A node reachable by repeated proceeding from parent to child.

Path between two nodes (Tree)

A sequence of nodes connected by edges.

Distance between two nodes (tree)

The number of edges found in a path.

Level/Depth of a node (tree)

The level of a node is the distance from the root node. Nodes can be grouped by levels.

Height of a tree (tree)

The maximum level/depth among all nodes; the longest path in a tree.

Subtree

A node with all of its descendants.

Ordered Tree

A tree in which sibling nodes are ordered.

Unordered Tree

A tree in which sibling nodes are unordered.

Applications of Trees

  • File system (directory, sub-directory, and file)

  • Decision making (decision tree)

  • Indexing (binary search tree, B-tree)

  • Parsing tree

  • Heap (complete binary tree)

  • Blockchain (Merkle tree)

  • Search-based Artificial Intelligence (game tree)

Tree Operations

  • Search

    • Breadth-first search (BFS)

    • Depth-first search (DFS)

  • Insert

  • Delete

  • Traversal

    Visit all nodes in a tree in a systematic order.

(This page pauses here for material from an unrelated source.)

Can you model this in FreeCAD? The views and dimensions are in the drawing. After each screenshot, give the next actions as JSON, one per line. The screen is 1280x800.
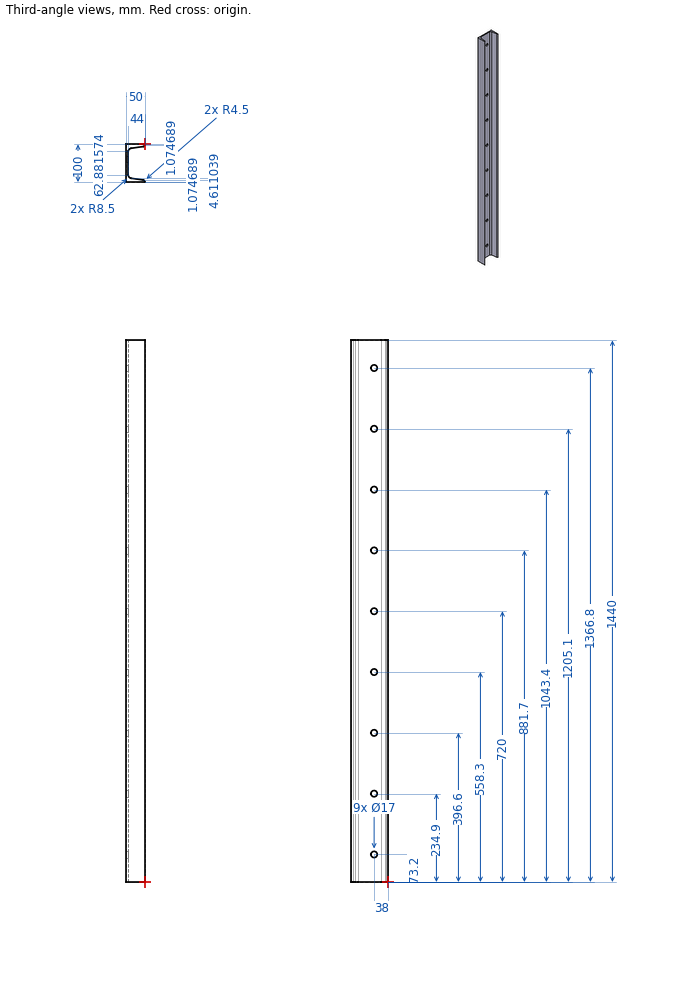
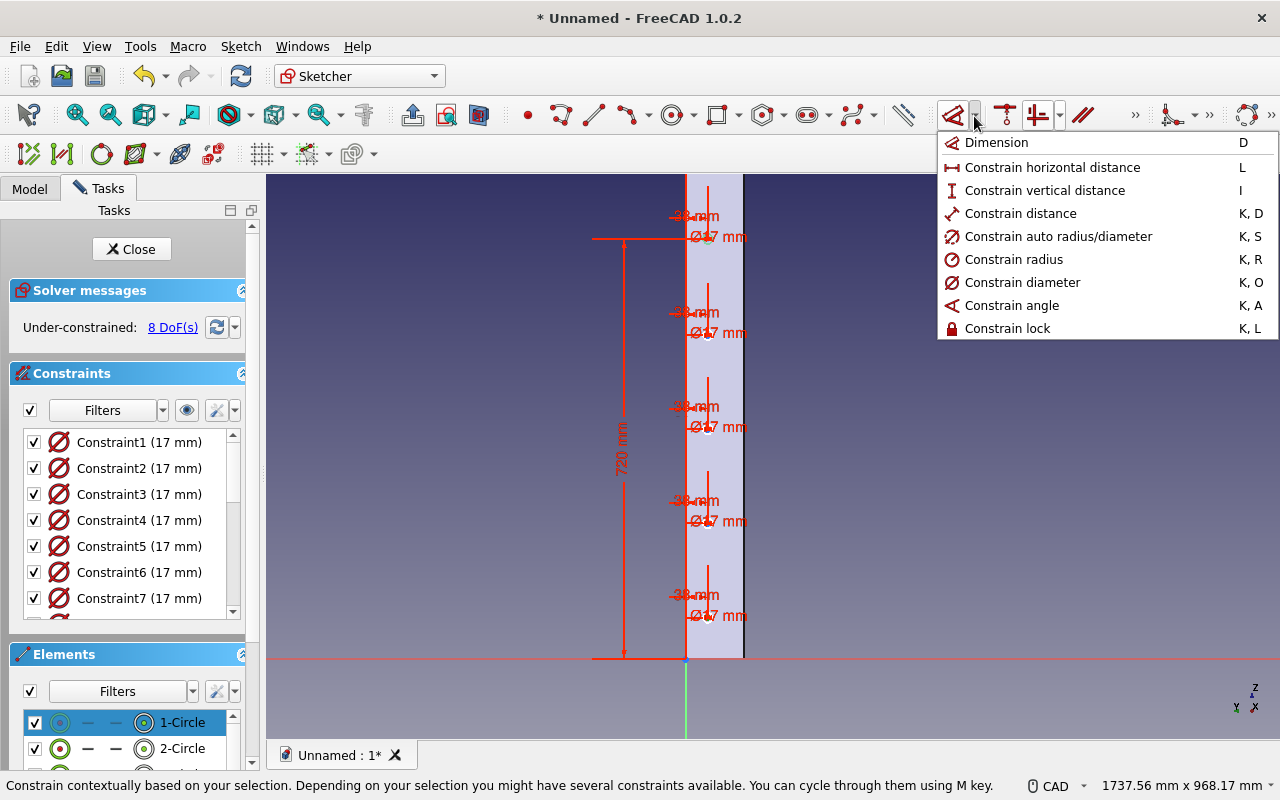
{"action": "left_click", "coordinate": [1108, 190]}

    • Breadth-first traversal: visit all nodes at the same level before proceeding to the next level. Also known as level-order traversal.

    • Depth-first traversal: visit all nodes along a path before proceeding to the next path.

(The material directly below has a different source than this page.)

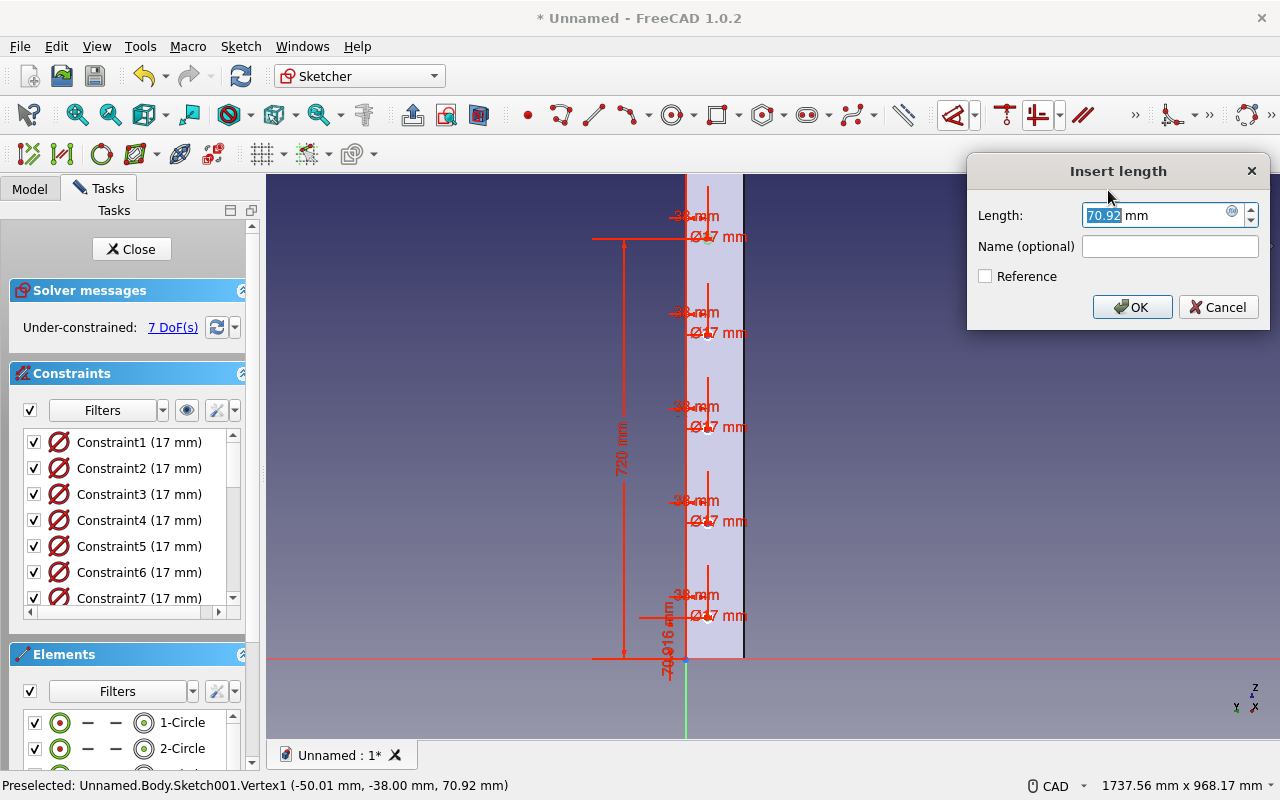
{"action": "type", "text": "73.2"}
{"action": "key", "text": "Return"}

      • Pre-order: visit the current node before recursively visiting its subtrees.

      • Post-order: visit the current node after recursively visiting its subtrees.

Implementation Variations

  • Each node stores a variable-length list of references to child nodes

  • Each node stores a reference to its first child and a reference to its next sibling

  • Each node stores a reference to its parent

Binary tree

Definition

Binary trees are ordered trees with degree of 2. Each node have at most two child nodes known as left and right child. Binary trees inherit all properties of trees and only binary tree specific properties are listed below.

Binary Tree Concepts

  • left/right child or first/second child

Binary Tree Operations

  • In-order traversal: visit the current node between recursively visiting its left and right subtrees.

Applications of binary trees

  • Binary search tree

  • Expression parsing

  • Binary decision tree

  • Heap

  • Huffman coding

Important Binary Tree Variation

Full binary tree

A binary tree in which every node has 0 or 2 children.

Complete binary tree

A Binary Tree is a Complete Binary Tree if all the levels are completely filled except possibly the last level and the last level has all keys as left as possible.

Perfect binary tree

A binary tree with all level filled.

Binary Tree Implementation

  • Each node stores two references to its left and right child nodes.